An open-source guide to help you write better command-line programs, taking traditional UNIX principles and updating them for the modern day.
This document covers both high-level design philosophy, and concrete guidelines. It’s heavier on the guidelines because our philosophy as practitioners is not to philosophize too much. We believe in learning by example, so we’ve provided plenty of those.
This guide doesn’t cover full-screen terminal programs like emacs and vim.
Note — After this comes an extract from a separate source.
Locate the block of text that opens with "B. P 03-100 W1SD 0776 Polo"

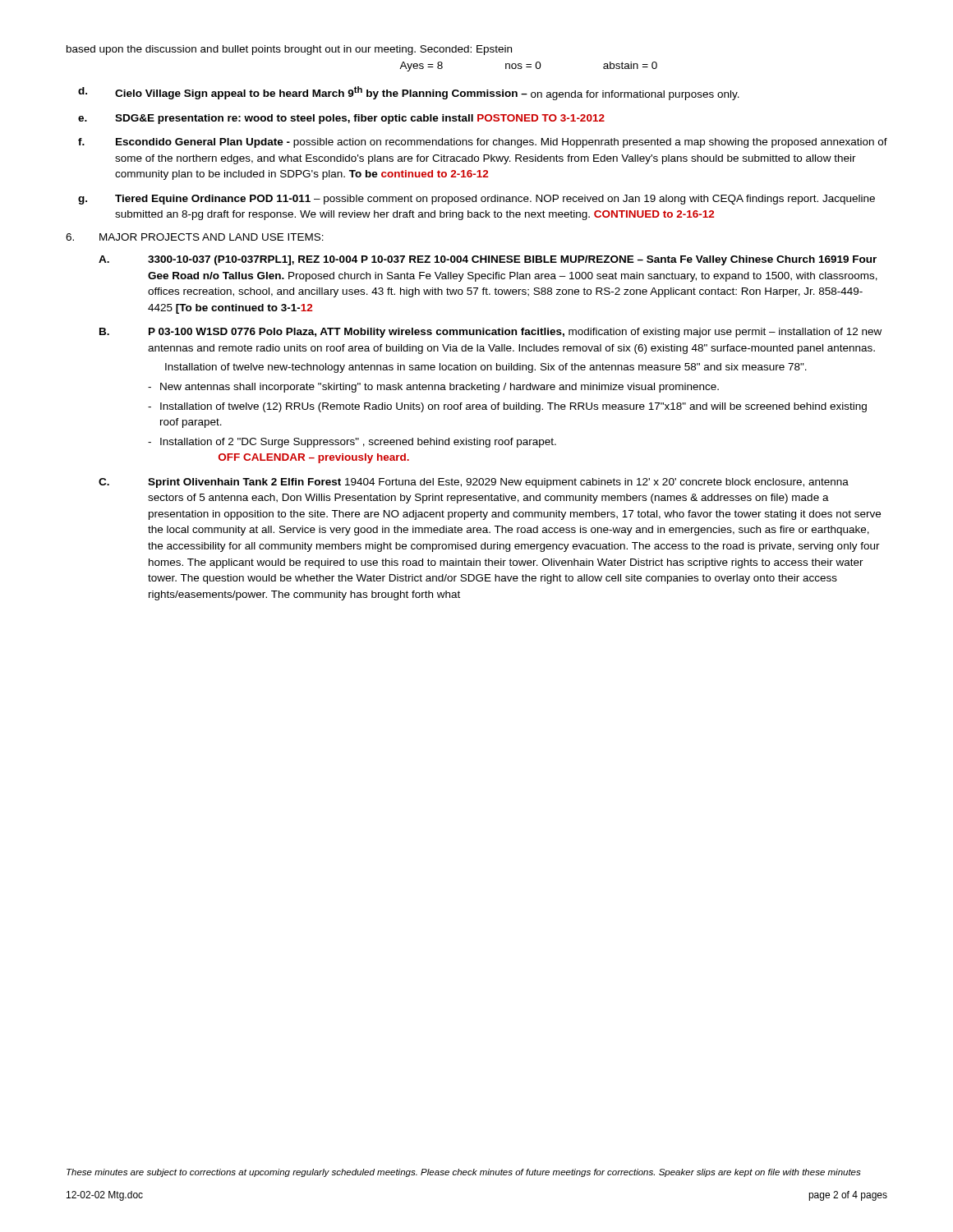(493, 395)

Full-screen programs are niche projects—very few of us will ever be in the position to design one.
This guide is also agnostic about programming languages and tooling in general.
Who is this guide for?
- If you are creating a CLI program and you are looking for principles and concrete best practices for its UI design, this guide is for you.
- If you are a professional “CLI UI designer,” that’s amazing—we’d love to learn from you.
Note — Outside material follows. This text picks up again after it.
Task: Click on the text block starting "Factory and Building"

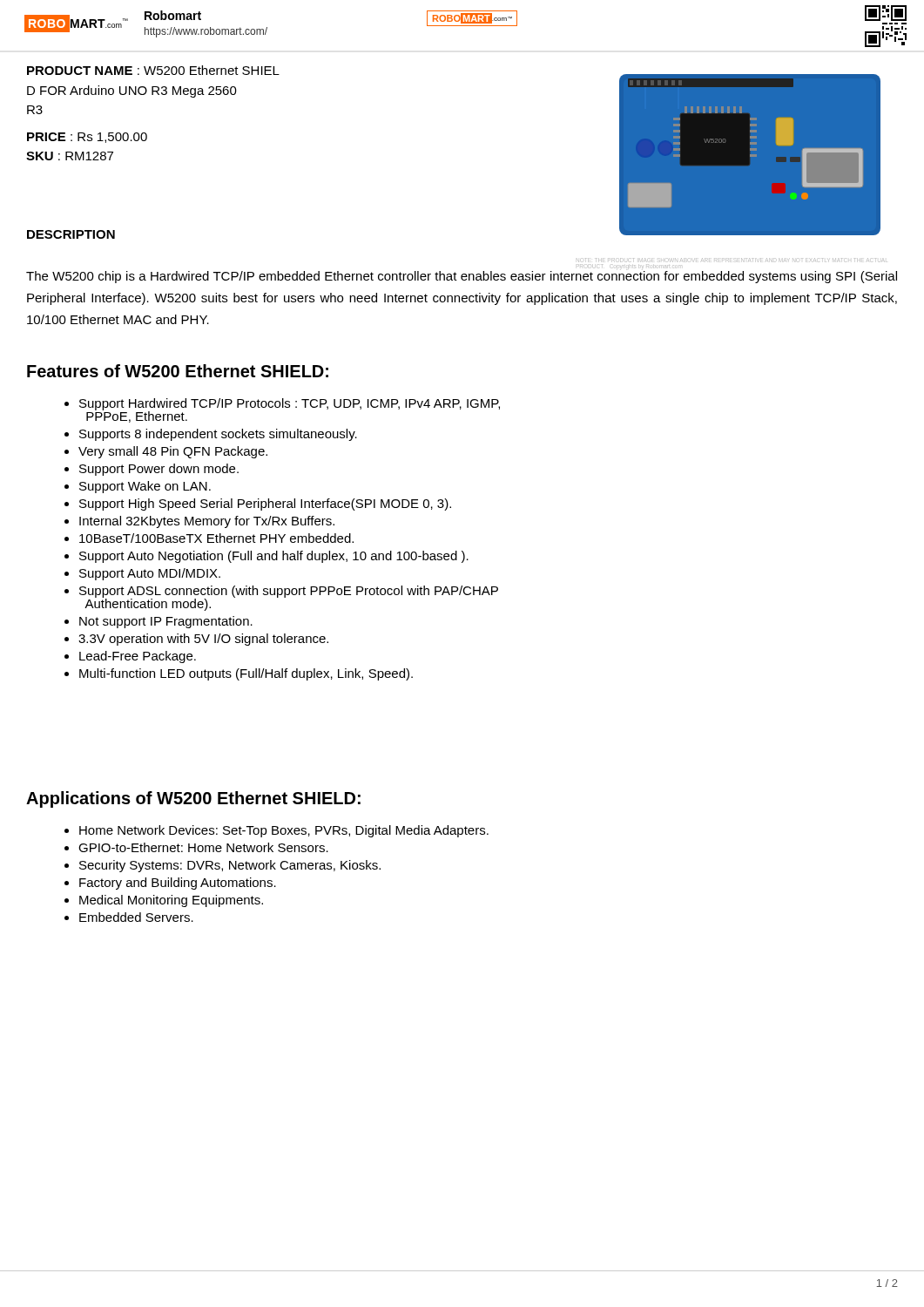Action: point(178,882)

- If you’d like to avoid obvious missteps of the variety that go against 40 years of CLI design conventions, this guide is for you.
- If you want to delight people with your program’s good design and helpful help, this guide is definitely for you.
- If you are creating a GUI program, this guide is not for you—though you may learn some GUI anti-patterns if you decide to read it anyway.
- If you are designing an immersive, full-screen CLI port of Minecraft, this guide isn’t for you. (But we can’t wait to see it!)